But the asymmetry does not depend on her choices. When a counterpart scripts courtly theatrics on a state carpet, or a president rates a colleague’s looks from a summit stage, audiences absorb an old pecking order: who is cast as statesman, who as supporting character.
Meanwhile, the policies that change lives struggle to compete with the optics. Since early 2023, Italy’s rules for NGO rescue ships have required vessels to sail directly to assigned (often distant) ports after a single rescue, curbing multi-rescue missions and inviting fines and detentions (although courts have begun to push back). Italian-run centers built on Albanian soil to process some asylum claims are an EU test case that has lurched through delays and court scrutiny. At home, Parliament extended Italy’s surrogacy ban extraterritorially, criminalizing Italians who seek surrogacy internationally.
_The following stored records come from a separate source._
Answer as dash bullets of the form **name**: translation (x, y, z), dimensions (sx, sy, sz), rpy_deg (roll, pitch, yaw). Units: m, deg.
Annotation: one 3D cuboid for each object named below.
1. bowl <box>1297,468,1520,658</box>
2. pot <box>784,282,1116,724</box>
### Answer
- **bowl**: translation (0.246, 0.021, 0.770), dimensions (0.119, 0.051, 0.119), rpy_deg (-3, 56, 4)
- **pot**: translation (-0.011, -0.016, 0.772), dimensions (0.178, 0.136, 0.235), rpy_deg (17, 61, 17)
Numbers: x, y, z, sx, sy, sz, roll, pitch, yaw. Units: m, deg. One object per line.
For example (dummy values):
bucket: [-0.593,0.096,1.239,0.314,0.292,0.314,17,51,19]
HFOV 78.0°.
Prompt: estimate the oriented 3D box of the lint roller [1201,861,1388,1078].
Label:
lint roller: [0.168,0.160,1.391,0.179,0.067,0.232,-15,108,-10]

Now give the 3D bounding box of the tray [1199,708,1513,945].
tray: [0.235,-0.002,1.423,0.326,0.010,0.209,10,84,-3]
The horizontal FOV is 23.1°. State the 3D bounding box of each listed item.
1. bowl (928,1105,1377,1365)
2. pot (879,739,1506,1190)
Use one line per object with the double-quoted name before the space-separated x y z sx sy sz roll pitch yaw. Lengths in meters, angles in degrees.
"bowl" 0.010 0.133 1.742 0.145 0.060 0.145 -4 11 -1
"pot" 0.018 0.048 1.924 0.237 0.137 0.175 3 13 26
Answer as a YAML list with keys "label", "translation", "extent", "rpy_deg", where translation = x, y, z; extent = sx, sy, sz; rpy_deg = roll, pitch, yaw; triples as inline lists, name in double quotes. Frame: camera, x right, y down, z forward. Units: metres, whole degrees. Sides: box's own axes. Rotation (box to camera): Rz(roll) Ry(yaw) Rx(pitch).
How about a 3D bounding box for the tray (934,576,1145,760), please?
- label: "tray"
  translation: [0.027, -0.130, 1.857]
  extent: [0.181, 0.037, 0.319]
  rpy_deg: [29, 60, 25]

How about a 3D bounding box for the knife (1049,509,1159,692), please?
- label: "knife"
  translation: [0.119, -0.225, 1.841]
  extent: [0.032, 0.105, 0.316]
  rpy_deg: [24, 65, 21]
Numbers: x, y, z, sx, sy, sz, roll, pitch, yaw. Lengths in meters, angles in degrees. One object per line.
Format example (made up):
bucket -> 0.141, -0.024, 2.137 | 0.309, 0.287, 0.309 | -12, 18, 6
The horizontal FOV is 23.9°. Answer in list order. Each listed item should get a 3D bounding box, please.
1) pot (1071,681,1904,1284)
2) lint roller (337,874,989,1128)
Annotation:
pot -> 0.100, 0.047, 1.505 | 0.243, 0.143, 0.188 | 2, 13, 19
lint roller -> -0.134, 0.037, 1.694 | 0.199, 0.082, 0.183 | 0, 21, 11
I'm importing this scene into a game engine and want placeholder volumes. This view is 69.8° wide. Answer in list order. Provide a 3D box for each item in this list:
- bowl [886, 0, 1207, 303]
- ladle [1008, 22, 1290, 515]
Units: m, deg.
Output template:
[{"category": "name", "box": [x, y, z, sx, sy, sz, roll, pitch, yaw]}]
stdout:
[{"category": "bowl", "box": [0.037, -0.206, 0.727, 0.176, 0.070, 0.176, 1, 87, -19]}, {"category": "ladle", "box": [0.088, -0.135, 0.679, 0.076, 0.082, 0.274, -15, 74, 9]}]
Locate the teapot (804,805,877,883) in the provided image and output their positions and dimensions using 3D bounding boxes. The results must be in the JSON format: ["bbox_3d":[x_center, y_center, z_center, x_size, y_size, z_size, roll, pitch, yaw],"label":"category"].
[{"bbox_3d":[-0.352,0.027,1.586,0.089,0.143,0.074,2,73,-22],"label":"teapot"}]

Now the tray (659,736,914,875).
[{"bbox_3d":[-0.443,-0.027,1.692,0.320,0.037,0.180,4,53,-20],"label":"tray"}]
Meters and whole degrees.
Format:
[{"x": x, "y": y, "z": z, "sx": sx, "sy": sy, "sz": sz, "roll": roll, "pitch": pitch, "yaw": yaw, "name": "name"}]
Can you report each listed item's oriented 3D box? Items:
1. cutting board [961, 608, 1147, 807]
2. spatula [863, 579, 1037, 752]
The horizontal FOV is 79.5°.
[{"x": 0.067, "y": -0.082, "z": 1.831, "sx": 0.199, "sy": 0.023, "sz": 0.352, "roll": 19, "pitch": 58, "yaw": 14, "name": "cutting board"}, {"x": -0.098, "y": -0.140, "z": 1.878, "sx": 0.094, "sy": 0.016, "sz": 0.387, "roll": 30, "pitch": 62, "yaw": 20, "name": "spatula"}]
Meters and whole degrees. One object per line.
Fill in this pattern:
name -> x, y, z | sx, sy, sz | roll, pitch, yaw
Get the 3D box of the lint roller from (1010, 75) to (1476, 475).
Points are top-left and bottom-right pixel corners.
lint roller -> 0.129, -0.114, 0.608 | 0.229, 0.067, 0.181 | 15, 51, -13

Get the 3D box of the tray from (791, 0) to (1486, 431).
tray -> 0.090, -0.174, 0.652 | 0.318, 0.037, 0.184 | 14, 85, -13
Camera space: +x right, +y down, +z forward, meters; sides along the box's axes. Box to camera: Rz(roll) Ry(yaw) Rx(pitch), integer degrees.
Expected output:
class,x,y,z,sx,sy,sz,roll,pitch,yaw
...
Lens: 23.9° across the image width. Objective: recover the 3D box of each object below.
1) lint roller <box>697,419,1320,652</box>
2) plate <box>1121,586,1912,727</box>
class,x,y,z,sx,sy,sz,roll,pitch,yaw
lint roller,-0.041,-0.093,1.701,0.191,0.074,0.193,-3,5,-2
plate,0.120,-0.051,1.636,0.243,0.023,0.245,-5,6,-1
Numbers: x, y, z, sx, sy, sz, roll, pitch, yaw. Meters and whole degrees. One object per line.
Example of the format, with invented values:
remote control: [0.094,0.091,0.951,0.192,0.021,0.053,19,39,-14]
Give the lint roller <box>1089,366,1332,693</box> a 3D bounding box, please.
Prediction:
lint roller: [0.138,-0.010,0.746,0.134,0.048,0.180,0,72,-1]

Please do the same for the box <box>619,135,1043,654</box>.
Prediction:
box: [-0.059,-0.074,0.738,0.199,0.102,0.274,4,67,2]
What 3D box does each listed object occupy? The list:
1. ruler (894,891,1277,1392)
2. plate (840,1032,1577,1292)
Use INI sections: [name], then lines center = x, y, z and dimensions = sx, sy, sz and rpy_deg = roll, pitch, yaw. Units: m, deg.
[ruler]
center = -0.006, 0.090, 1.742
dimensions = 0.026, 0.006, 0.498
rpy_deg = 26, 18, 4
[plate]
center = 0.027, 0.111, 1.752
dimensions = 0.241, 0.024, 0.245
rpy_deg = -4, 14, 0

The remedy isn’t to erase personality — politics is made by people, and symbols matter. The remedy is to reverse the ratio. Lead with consequences: what the statute does, what the budget funds, whose rights are curtailed or expanded, how courts respond, whether promised outcomes arrive. Treat optics as color, not content. Audit the news language, diversify who edits, who produces, and who appears as an expert — because representation upstream changes what counts as “news” downstream. And from the podiums where hierarchies are performed, retire the gallantry and cosmetic compliments. Let the moment be about the meeting, not the meme.
This isn’t about liking or disliking Giorgia Meloni. It’s about recognizing how a male-coded public sphere still reads women in power through a keyhole, and then mistakes the keyhole for the room. A healthier politics, and a healthier press, would make the government the story and put the choreography aside. If we want democratic scrutiny worthy of the name, we should start there.